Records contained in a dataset
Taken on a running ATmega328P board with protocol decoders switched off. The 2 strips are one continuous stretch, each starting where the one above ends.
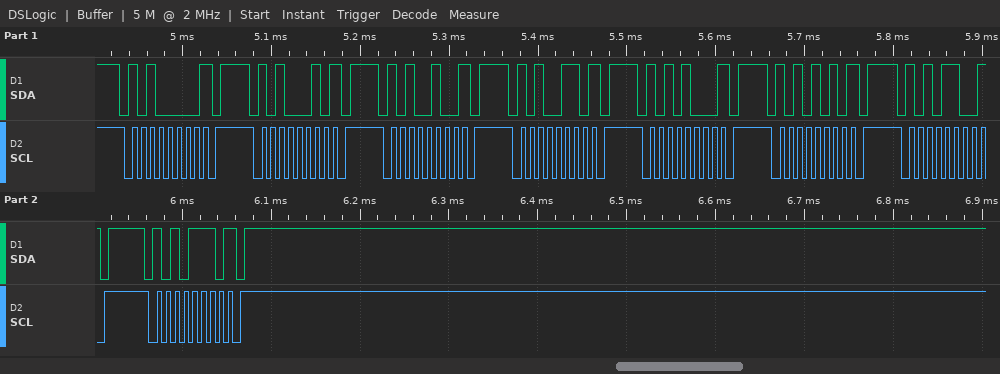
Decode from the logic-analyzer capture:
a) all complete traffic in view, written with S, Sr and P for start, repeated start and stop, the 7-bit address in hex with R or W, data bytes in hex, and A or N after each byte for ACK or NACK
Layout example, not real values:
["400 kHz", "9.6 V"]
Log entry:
["S 50W N P S 51W N P S 52W N P S 53W N P S 54W N P S 55W N P S 56W N P S 57W N P"]
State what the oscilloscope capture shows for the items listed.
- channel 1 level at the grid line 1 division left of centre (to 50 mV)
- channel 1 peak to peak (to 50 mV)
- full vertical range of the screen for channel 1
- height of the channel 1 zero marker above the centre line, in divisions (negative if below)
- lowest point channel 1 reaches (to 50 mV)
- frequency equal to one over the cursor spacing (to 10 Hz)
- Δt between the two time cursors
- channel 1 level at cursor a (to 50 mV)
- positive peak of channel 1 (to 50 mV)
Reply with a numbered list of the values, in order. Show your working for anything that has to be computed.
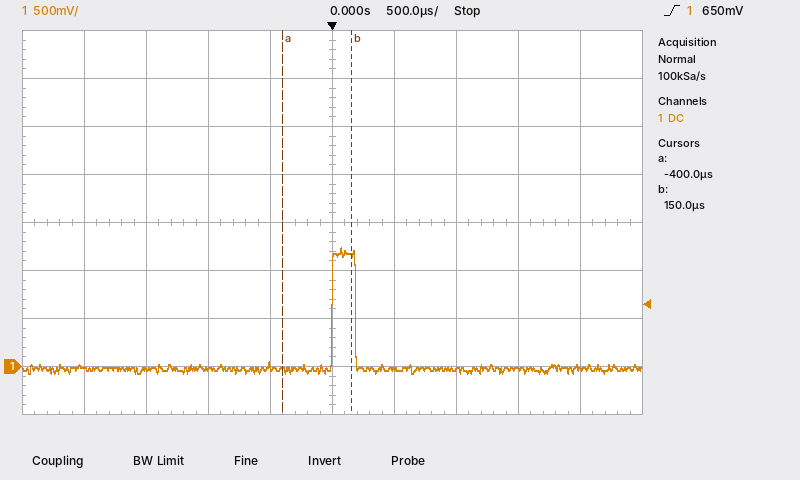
1. 0 mV
2. 1.25 V − (-50 mV) = 1.30 V
3. 4 V
4. -3.0 div
5. -50 mV
6. 1 / 550 µs ≈ 1.82 kHz
7. 150 µs − (-400 µs) = 550 µs
8. -50 mV
9. 1.25 V

§ **What is required**: Please copy the lines in the records above between the one holding "a) all complete" and the one holding "- full vertical", inclusive, exactly and with no other line.

§ **Answer space**:
a) all complete traffic in view, written with S, Sr and P for start, repeated start and stop, the 7-bit address in hex with R or W, data bytes in hex, and A or N after each byte for ACK or NACK
Layout example, not real values:
["400 kHz", "9.6 V"]
Log entry:
["S 50W N P S 51W N P S 52W N P S 53W N P S 54W N P S 55W N P S 56W N P S 57W N P"]
State what the oscilloscope capture shows for the items listed.
- channel 1 level at the grid line 1 division left of centre (to 50 mV)
- channel 1 peak to peak (to 50 mV)
- full vertical range of the screen for channel 1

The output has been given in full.